AI can translate between languages in real time as people speak, according to fresh research from Chinese search giant Baidu and Oregon State University in the US.
Human interpreters need superhuman concentration to listen to speech and translate at the same time. There are, apparently, only a few thousand qualified simultaneous interpreters and the job is so taxing that they often work in pairs, swapping places after 20 to 30 minute stints. And as conversations progress, the chance for error increases exponentially.
Machines have the potential to trump humans at this task, considering they have superior memory and don’t suffer from fatigue. But it’s not so easy for them either, as researchers from Baidu and Oregon State University found.
They built a neural network that can translate between Mandarin Chinese to English in almost real time, where the English translation lags behind by up to at least five words.
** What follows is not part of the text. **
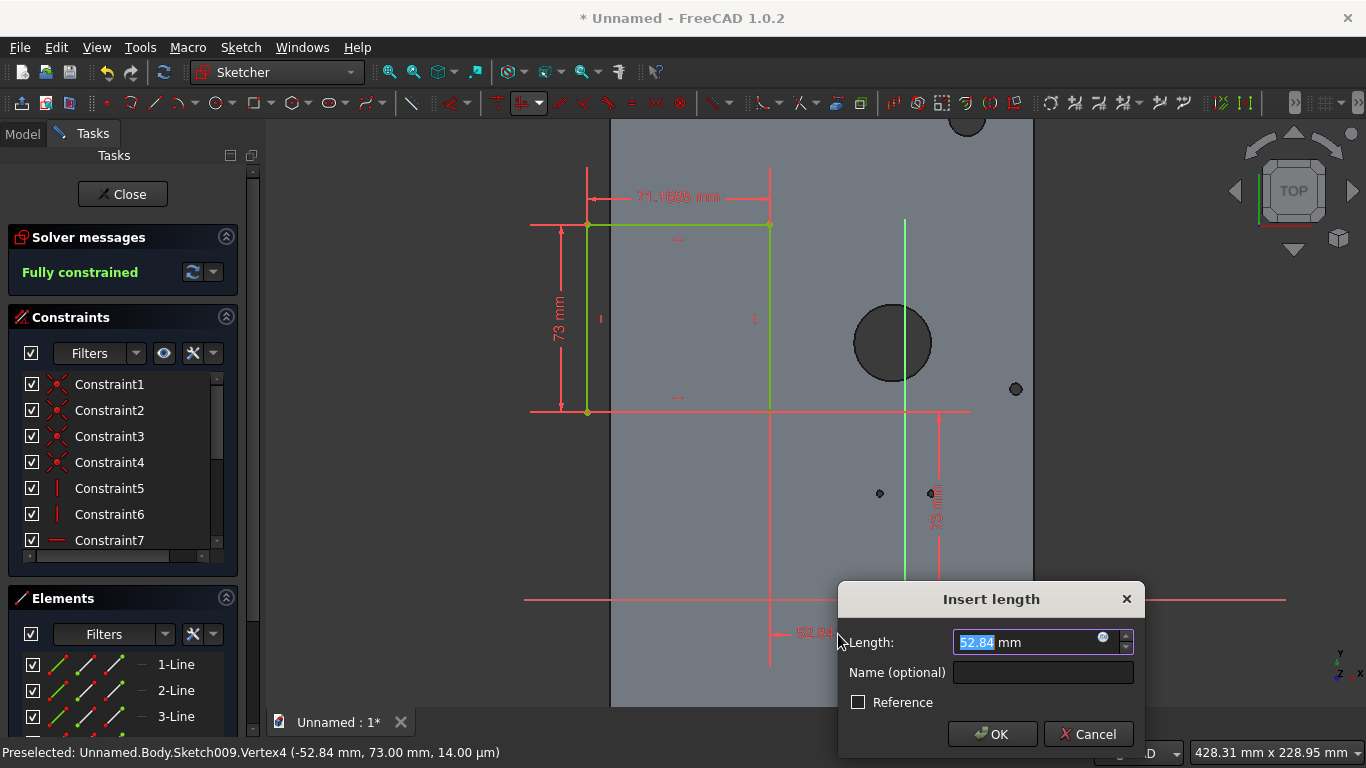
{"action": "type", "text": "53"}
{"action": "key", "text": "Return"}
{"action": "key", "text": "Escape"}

The results have been published in a paper on arXiv.
The babble post-Babel
Languages have different grammatical structures, where the word order of sentences often don’t match up, making it difficult to translate quickly. The key to a fast translation is predicting what the speaker will say next as he or she talks.
With the AI engine an encoder converts the words in a target language into a vector representation. A decoder predicts the probability of the next word given the words in the previous sentences. The decoder is always behind the encoder and generates the translated words until it processes the whole speech or text.
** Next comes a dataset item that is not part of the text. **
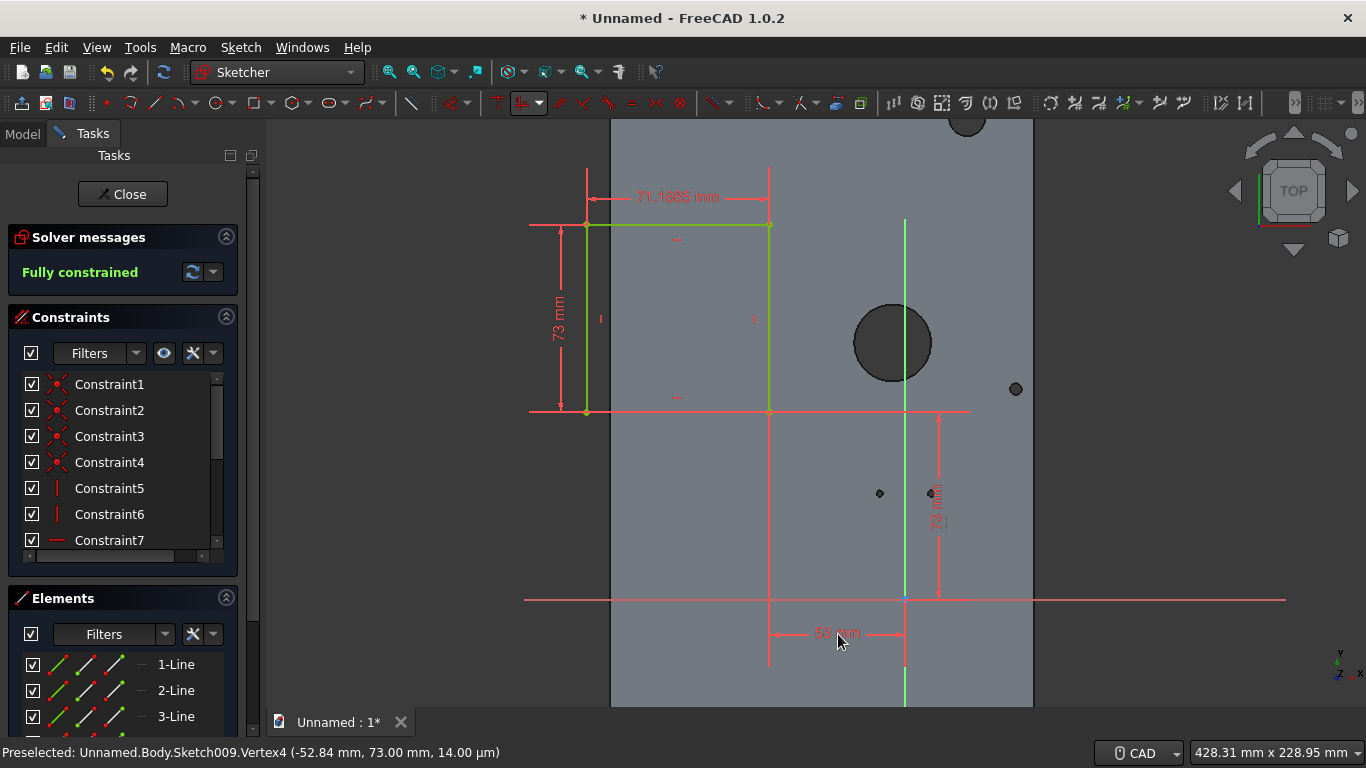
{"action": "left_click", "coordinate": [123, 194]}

“In one of the examples, the Chinese sentence ‘Bush President in Moscow…’ would suggest the next English word after ‘President Bush’ is likely ‘meets’”, Liang Huang, principal scientist at Baidu Research, explained to The Register.
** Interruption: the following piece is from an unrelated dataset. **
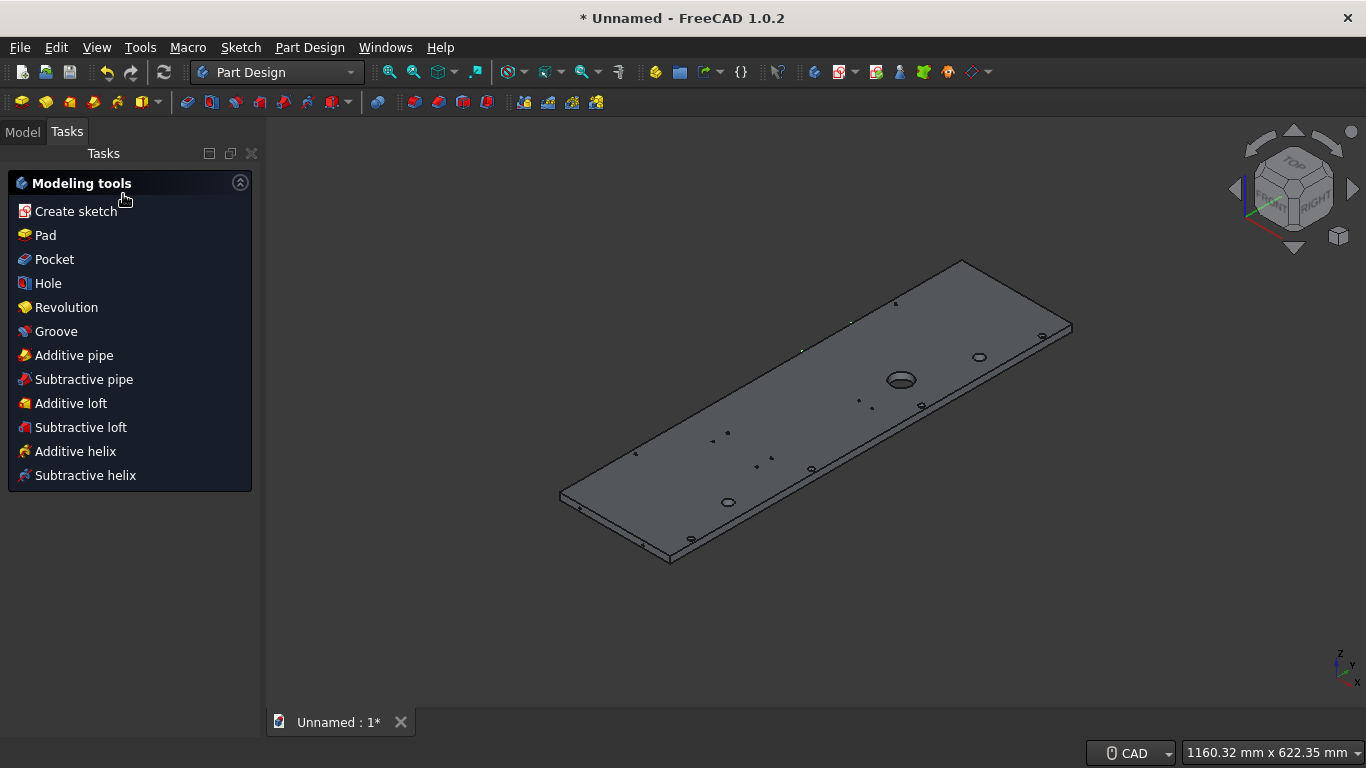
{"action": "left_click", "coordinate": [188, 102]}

“This is possible because in the training data, we have a lot of “Bush meeting someone, like Putin in Moscow” so the system learned that if “Bush in Moscow”, he is likely “meeting” someone.
You can also listen to other examples here.
The problem with languages
The difficulty depends on the languages being translated, Huang added. Languages that are closely related, such as French and Spanish for example, have similar structures where the order of words are aligned more.
Japanese and German sentences are constructed with the subject at the front, the object in the middle, and the verb at the end (SOV). English and Chinese also starts with the subject, but the verb is in the middle, followed by the object (SVO).
Translating between Japanese and German to English and Chinese, therefore, more difficult. “There is a well-known joke in the UN that a German-to-English interpreter often has to pause and “wait for the German verb”. Standard Arabic and Welsh are verb-subject-object , which is even more different from SVO,” he said.
The new algorithm can be applied to any neural machine translation models and only involves tweaking the code slightly. It has already been integrated to Baidu’s internal speech-to-text translation and will be showcased at the Baidu World Tech Conference next week on 1st November in Beijing.
“We don’t have an exact timeline for when this product will be available for the general public, this is certainly something Baidu is working on,” Liang said.
“We envision our technology making simultaneous translation much more accessible and affordable, as there is an increasing demand. We also envision the technology [will reduce] the burden on human translators.”